You can use this chart to calculate approximate probability of a specification in a unit; for example, for TLV6742,
the typical input voltage offset is 150 µV, so 68.2% of all TLV6742 devices are expected to have an offset from
–150 µV to 150 µV.
Specifications with a value in the minimum or maximum column are assured by TI, and units outside these limits
will be removed from production material. For example, the TLV6742 device has a maximum offset voltage of 1.0
mV at 25°C, and even though this corresponds to 5 σ (≈1 in 1.7 million units), which is extremely unlikely, TI
assures that any unit with a larger offset than 1.0 mV will be removed from production material.

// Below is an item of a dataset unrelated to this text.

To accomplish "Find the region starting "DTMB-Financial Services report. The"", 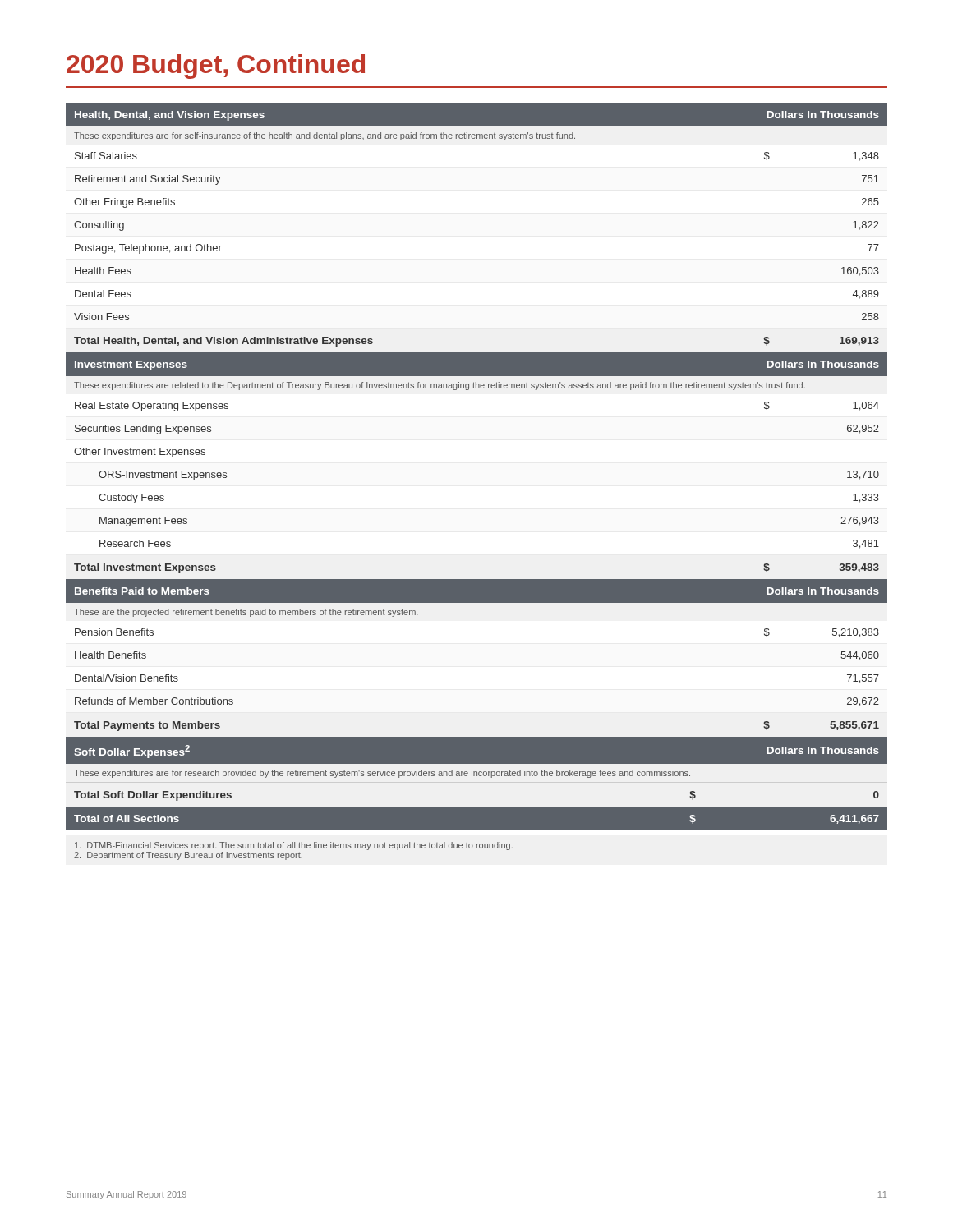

For specifications with no value in the minimum or maximum column, consider selecting a sigma value of
sufficient guardband for your application, and design worst-case conditions using this value. For example, the 6σ
value corresponds to about 1 in 500 million units, which is an extremely unlikely chance, and could be an option
as a wide guardband to design a system around. In this case, the TLV6742 does not have a maximum or
minimum for offset voltage drift, but based on Figure 40 and the typical value of 0.16 µV/°C in the Electrical
Characteristics table, it can be calculated that the 6-σ value for offset voltage drift is about 0.96 µV/°C. When
designing for worst-case system conditions, this value can be used to estimate the worst possible offset across
temperature without having an actual minimum or maximum value.
However, process variation and adjustments over time can shift typical means and standard deviations, and
unless there is a value in the minimum or maximum specification column, TI cannot assure the performance of a
device. This information should be used only to estimate the performance of a device.
8.3.7 Shutdown Function
The TLV674xS devices feature SHDN pins that disable the op amp, placing it into a low-power standby mode. In
this mode, the op amp typically consumes less than 1 µA. The SHDN pins are active-low, meaning that
shutdown mode is enabled when the input to the SHDN pin is a valid logic low.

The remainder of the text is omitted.